--- Entries provided Enclosed Below ---

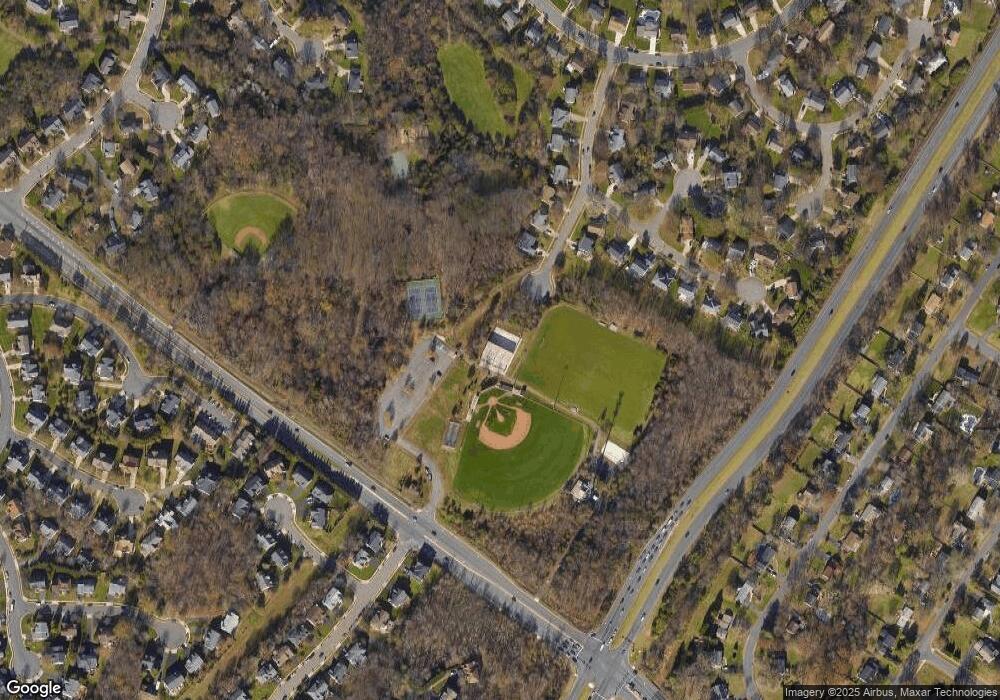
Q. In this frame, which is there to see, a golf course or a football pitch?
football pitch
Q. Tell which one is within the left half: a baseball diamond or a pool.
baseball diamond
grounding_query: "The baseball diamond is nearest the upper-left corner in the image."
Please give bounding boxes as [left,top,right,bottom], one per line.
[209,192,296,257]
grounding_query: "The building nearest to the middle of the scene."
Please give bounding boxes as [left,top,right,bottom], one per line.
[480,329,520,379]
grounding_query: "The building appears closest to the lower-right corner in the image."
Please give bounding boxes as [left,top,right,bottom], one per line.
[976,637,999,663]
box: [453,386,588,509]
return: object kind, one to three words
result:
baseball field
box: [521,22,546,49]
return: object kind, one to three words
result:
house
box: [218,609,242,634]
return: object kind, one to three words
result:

--- End of Enclosed Entries provided ---

Task statement:
Extract every line above that contains the word "nearest".

Exercise result:
grounding_query: "The baseball diamond is nearest the upper-left corner in the image."
grounding_query: "The building nearest to the middle of the scene."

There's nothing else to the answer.